=== Section Start ===

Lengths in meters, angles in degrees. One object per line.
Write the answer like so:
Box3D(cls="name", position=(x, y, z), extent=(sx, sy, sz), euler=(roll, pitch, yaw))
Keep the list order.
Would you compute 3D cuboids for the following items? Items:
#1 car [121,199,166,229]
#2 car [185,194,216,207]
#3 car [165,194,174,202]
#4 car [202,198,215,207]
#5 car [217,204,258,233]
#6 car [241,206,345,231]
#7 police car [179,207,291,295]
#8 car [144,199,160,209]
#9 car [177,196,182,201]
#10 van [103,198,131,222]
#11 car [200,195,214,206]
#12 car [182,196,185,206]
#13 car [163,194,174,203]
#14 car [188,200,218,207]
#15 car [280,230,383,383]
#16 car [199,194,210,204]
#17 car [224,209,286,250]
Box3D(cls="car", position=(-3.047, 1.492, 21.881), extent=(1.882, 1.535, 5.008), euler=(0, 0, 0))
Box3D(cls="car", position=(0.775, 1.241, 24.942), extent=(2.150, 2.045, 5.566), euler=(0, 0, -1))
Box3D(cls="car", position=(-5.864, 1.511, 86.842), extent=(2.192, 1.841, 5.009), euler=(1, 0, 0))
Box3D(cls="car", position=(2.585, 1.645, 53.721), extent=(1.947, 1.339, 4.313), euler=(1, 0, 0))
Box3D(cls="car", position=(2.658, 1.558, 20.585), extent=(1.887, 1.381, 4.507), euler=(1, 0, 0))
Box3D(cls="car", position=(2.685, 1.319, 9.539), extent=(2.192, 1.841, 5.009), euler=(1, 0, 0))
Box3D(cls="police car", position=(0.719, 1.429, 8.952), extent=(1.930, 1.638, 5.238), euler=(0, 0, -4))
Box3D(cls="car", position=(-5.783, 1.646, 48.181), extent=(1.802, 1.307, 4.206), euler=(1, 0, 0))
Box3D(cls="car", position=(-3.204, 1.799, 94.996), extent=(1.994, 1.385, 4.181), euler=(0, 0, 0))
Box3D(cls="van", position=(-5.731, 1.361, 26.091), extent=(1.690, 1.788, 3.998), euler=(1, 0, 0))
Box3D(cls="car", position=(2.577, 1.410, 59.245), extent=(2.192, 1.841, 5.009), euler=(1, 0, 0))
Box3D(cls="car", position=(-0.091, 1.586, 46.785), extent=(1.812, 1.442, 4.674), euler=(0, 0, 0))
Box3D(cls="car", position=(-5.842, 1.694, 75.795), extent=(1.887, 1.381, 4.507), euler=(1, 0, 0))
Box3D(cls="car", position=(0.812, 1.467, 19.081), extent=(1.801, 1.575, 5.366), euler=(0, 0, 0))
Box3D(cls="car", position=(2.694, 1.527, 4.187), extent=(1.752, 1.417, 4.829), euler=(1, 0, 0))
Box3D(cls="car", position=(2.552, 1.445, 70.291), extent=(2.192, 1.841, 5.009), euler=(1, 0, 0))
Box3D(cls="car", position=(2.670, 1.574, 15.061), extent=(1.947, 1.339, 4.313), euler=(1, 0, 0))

=== Section End ===

_Exercise brief_
Transcribe each entry word for word.

_Expected answer_
Lengths in meters, angles in degrees. One object per line.
Write the answer like so:
Box3D(cls="name", position=(x, y, z), extent=(sx, sy, sz), euler=(roll, pitch, yaw))
Keep the list order.
Would you compute 3D cuboids for the following items? Items:
#1 car [121,199,166,229]
#2 car [185,194,216,207]
#3 car [165,194,174,202]
#4 car [202,198,215,207]
#5 car [217,204,258,233]
#6 car [241,206,345,231]
#7 police car [179,207,291,295]
#8 car [144,199,160,209]
#9 car [177,196,182,201]
#10 van [103,198,131,222]
#11 car [200,195,214,206]
#12 car [182,196,185,206]
#13 car [163,194,174,203]
#14 car [188,200,218,207]
#15 car [280,230,383,383]
#16 car [199,194,210,204]
#17 car [224,209,286,250]
Box3D(cls="car", position=(-3.047, 1.492, 21.881), extent=(1.882, 1.535, 5.008), euler=(0, 0, 0))
Box3D(cls="car", position=(0.775, 1.241, 24.942), extent=(2.150, 2.045, 5.566), euler=(0, 0, -1))
Box3D(cls="car", position=(-5.864, 1.511, 86.842), extent=(2.192, 1.841, 5.009), euler=(1, 0, 0))
Box3D(cls="car", position=(2.585, 1.645, 53.721), extent=(1.947, 1.339, 4.313), euler=(1, 0, 0))
Box3D(cls="car", position=(2.658, 1.558, 20.585), extent=(1.887, 1.381, 4.507), euler=(1, 0, 0))
Box3D(cls="car", position=(2.685, 1.319, 9.539), extent=(2.192, 1.841, 5.009), euler=(1, 0, 0))
Box3D(cls="police car", position=(0.719, 1.429, 8.952), extent=(1.930, 1.638, 5.238), euler=(0, 0, -4))
Box3D(cls="car", position=(-5.783, 1.646, 48.181), extent=(1.802, 1.307, 4.206), euler=(1, 0, 0))
Box3D(cls="car", position=(-3.204, 1.799, 94.996), extent=(1.994, 1.385, 4.181), euler=(0, 0, 0))
Box3D(cls="van", position=(-5.731, 1.361, 26.091), extent=(1.690, 1.788, 3.998), euler=(1, 0, 0))
Box3D(cls="car", position=(2.577, 1.410, 59.245), extent=(2.192, 1.841, 5.009), euler=(1, 0, 0))
Box3D(cls="car", position=(-0.091, 1.586, 46.785), extent=(1.812, 1.442, 4.674), euler=(0, 0, 0))
Box3D(cls="car", position=(-5.842, 1.694, 75.795), extent=(1.887, 1.381, 4.507), euler=(1, 0, 0))
Box3D(cls="car", position=(0.812, 1.467, 19.081), extent=(1.801, 1.575, 5.366), euler=(0, 0, 0))
Box3D(cls="car", position=(2.694, 1.527, 4.187), extent=(1.752, 1.417, 4.829), euler=(1, 0, 0))
Box3D(cls="car", position=(2.552, 1.445, 70.291), extent=(2.192, 1.841, 5.009), euler=(1, 0, 0))
Box3D(cls="car", position=(2.670, 1.574, 15.061), extent=(1.947, 1.339, 4.313), euler=(1, 0, 0))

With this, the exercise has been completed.